Open-eyed conspiracy!
Wherefore are these things hid?
Oft expectation fails, and most oft there
Where most it promises.
The plan would be a winter’s tale.
But as you like it
or as not
Damn’d be him that first cries, ‘hold enough’!
These tedious old fools!
The tempest doth make delay.
Will the work done be love’s labour lost?
Will the storm nay be calmed?
Sigh no more, ladies, sigh no more,
Men were deceivers ever.
Would they want that chinks be earned
Gold? Yellow, glittering, precious gold?
No, Gods, I am no idle votarist!
All gold and silver rather turn to dirt!
As ’tis no better reckon’d, but of those
who have want.
“Shylock, we would have moneys,” you say so
the pound of flesh which I demand of him
is dearly bought. ‘Tis mine.
What might be toward, that this sweaty haste
Doth make the night joint-laborer with the day:
Who is’t that can inform me?
Friends, Romans, countrymen, lend me your ears!
Who bare my letter, then, to Romeo?
The letter was not nice but full of charge,
Of dear import, and the neglecting it
May do much danger!
Ignorance is the curse of God;
knowledge is the wing wherewith we fly to heaven.
No legacy is so rich as honesty.
For all this same, I’ll hide me hereabout.
His looks I fear, and his intents I doubt.
And exempt from public haunt,
finds tongues in trees.
You are thought here to the most senseless and fit man for the job.
Alas poor Yorrick
a fellow of infinite jest, of most excellent fancy.
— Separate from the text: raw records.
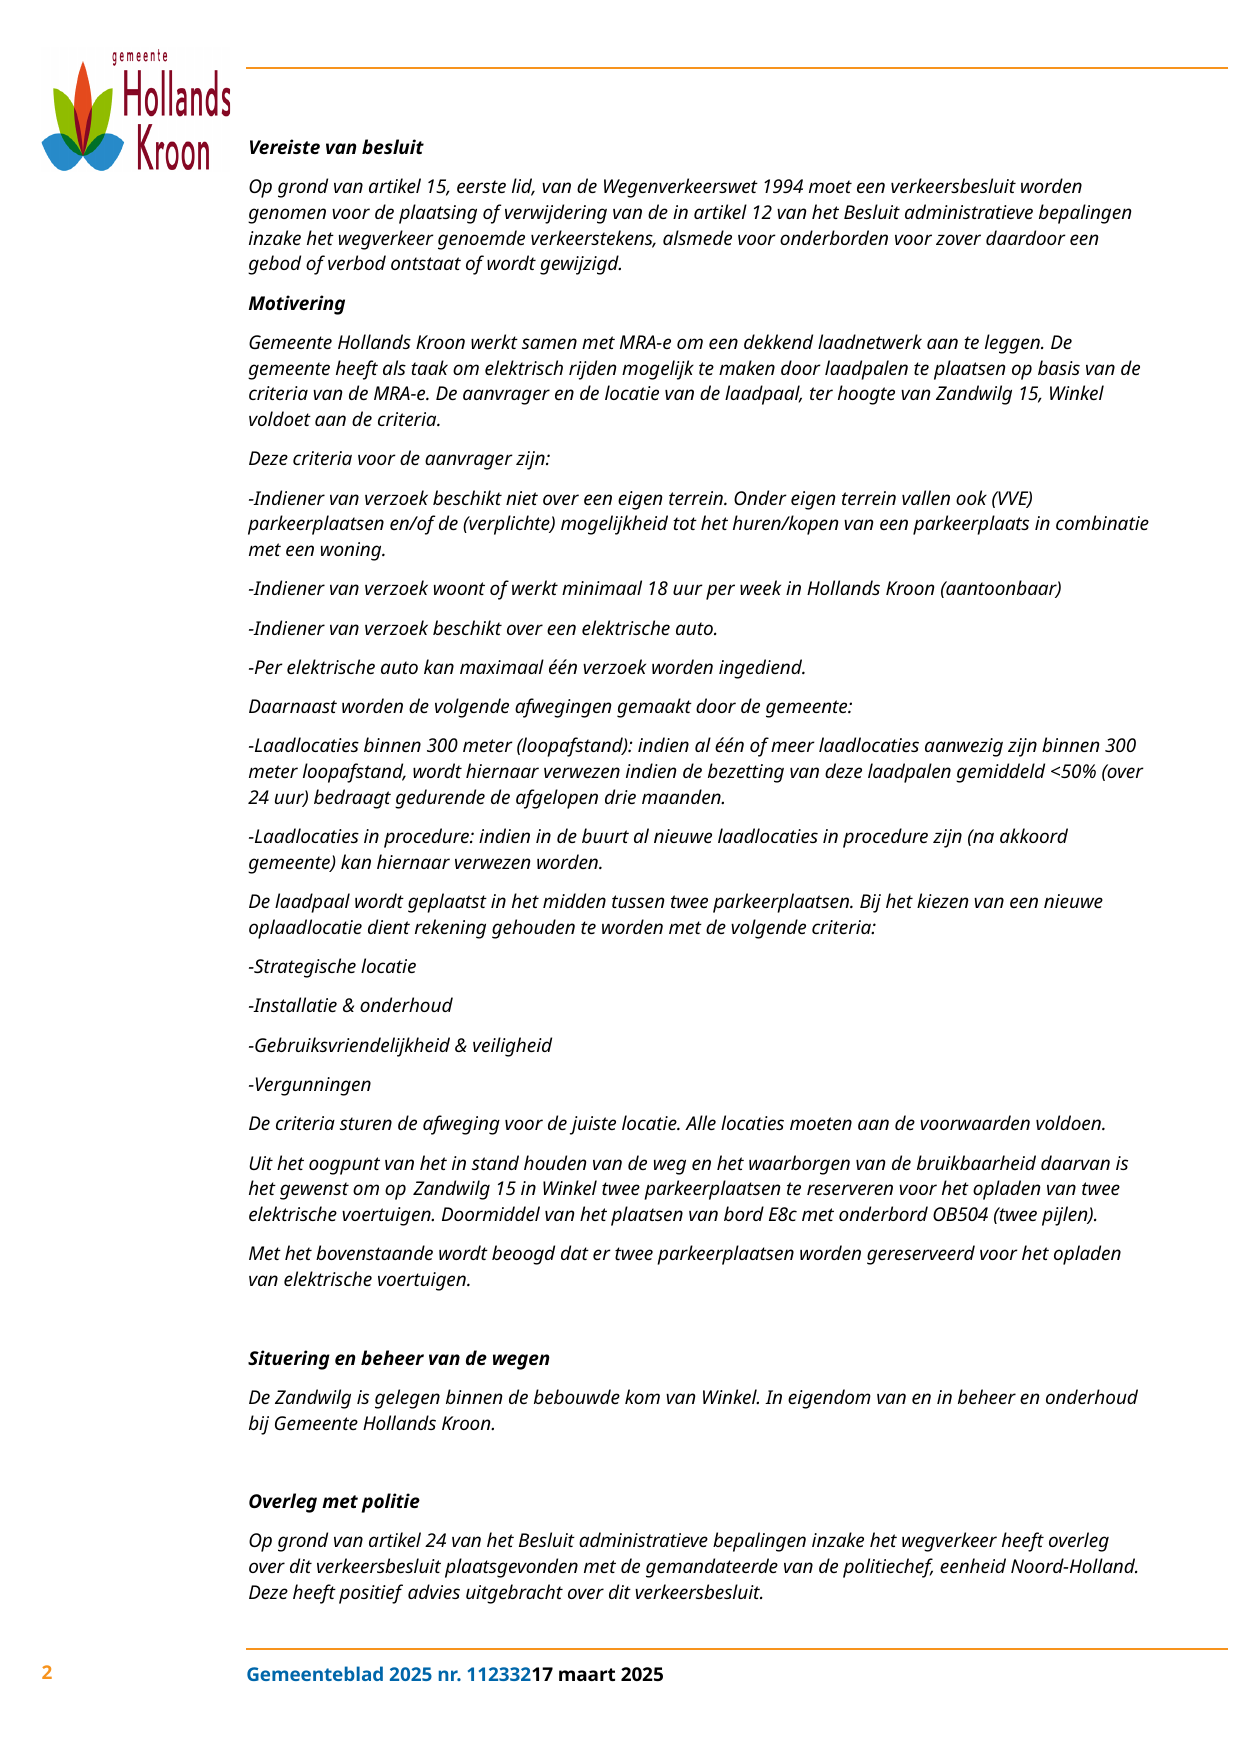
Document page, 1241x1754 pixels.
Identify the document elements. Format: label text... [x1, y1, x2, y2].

text -Indiener van verzoek beschikt niet over een eigen terrein. Onder eigen terrein vallen ook (VVE) parkeerplaatsen en/of de (verplichte) mogelijkheid tot het huren/kopen van een parkeerplaats in combinatie met een woning. [248, 485, 1152, 562]
text Overleg met politie [248, 1488, 1152, 1514]
text De criteria sturen de afweging voor de juiste locatie. Alle locaties moeten aan de voorwaarden voldoen. [248, 1110, 1152, 1136]
text Deze criteria voor de aanvrager zijn: [248, 446, 1152, 471]
text -Per elektrische auto kan maximaal één verzoek worden ingediend. [248, 654, 1152, 680]
text Vereiste van besluit [248, 134, 1152, 160]
text -Indiener van verzoek woont of werkt minimaal 18 uur per week in Hollands Kroon (aantoonbaar) [248, 576, 1152, 601]
text -Installatie & onderhoud [248, 993, 1152, 1018]
text -Laadlocaties in procedure: indien in de buurt al nieuwe laadlocaties in procedure zijn (na akkoord gemeente) kan hiernaar verwezen worden. [248, 823, 1152, 875]
text De laadpaal wordt geplaatst in het midden tussen twee parkeerplaatsen. Bij het kiezen van een nieuwe oplaadlocatie dient rekening gehouden te worden met de volgende criteria: [248, 888, 1152, 940]
text Met het bovenstaande wordt beoogd dat er twee parkeerplaatsen worden gereserveerd voor het opladen van elektrische voertuigen. [248, 1240, 1152, 1292]
text Op grond van artikel 15, eerste lid, van de Wegenverkeerswet 1994 moet een verkeersbesluit worden genomen voor de plaatsing of verwijdering van de in artikel 12 van het Besluit administratieve bepalingen inzake het wegverkeer genoemde verkeerstekens, alsmede voor onderborden voor zover daardoor een gebod of verbod ontstaat of wordt gewijzigd. [248, 173, 1152, 276]
text -Indiener van verzoek beschikt over een elektrische auto. [248, 615, 1152, 641]
text Motivering [248, 290, 1152, 316]
text -Strategische locatie [248, 953, 1152, 979]
text -Laadlocaties binnen 300 meter (loopafstand): indien al één of meer laadlocaties aanwezig zijn binnen 300 meter loopafstand, wordt hiernaar verwezen indien de bezetting van deze laadpalen gemiddeld <50% (over 24 uur) bedraagt gedurende de afgelopen drie maanden. [248, 733, 1152, 810]
picture [41, 47, 231, 172]
text -Gebruiksvriendelijkheid & veiligheid [248, 1032, 1152, 1058]
text Situering en beheer van de wegen [248, 1345, 1152, 1370]
text Daarnaast worden de volgende afwegingen gemaakt door de gemeente: [248, 693, 1152, 719]
text De Zandwilg is gelegen binnen de bebouwde kom van Winkel. In eigendom van en in beheer en onderhoud bij Gemeente Hollands Kroon. [248, 1384, 1152, 1435]
text Gemeente Hollands Kroon werkt samen met MRA-e om een dekkend laadnetwerk aan te leggen. De gemeente heeft als taak om elektrisch rijden mogelijk te maken door laadpalen te plaatsen op basis van de criteria van de MRA-e. De aanvrager en de locatie van de laadpaal, ter hoogte van Zandwilg 15, Winkel voldoet aan de criteria. [248, 329, 1152, 432]
text Uit het oogpunt van het in stand houden van de weg en het waarborgen van de bruikbaarheid daarvan is het gewenst om op Zandwilg 15 in Winkel twee parkeerplaatsen te reserveren voor het opladen van twee elektrische voertuigen. Doormiddel van het plaatsen van bord E8c met onderbord OB504 (twee pijlen). [248, 1150, 1152, 1227]
text -Vergunningen [248, 1071, 1152, 1097]
text Op grond van artikel 24 van het Besluit administratieve bepalingen inzake het wegverkeer heeft overleg over dit verkeersbesluit plaatsgevonden met de gemandateerde van de politiechef, eenheid Noord-Holland. Deze heeft positief advies uitgebracht over dit verkeersbesluit. [248, 1527, 1152, 1605]

Conscience doth make cowards of us all.
And enterprises of great pitch and moment
With this regard their currents turn awry,
And lose the name of action.
What’s more to do,
Which would be planted newly with the time,
How poor are they that have not patience!
Yet, do thy worst, old Time: despite thy wrong.
Don’t trust the person who has broken faith once?
The quality of mercy is not strain’d
I have spoke thus much
To mitigate the justice of thy plea
If we should fail –
We fail!
But screw your courage to the sticking-place,
And we’ll not fail.
All’s well if all ends well.
Love all, trust a few, do wrong to none.
Now this overdone or come tardy off,
though it make the unskillful laugh,
cannot but make the judicious grieve,
the censure of the which one must in your allowance
o’erweigh a whole theatre of others.
What’s done can’t be undone.
Forget, forgive, conclude, and be agreed: Our doctors say this is no time to bleed.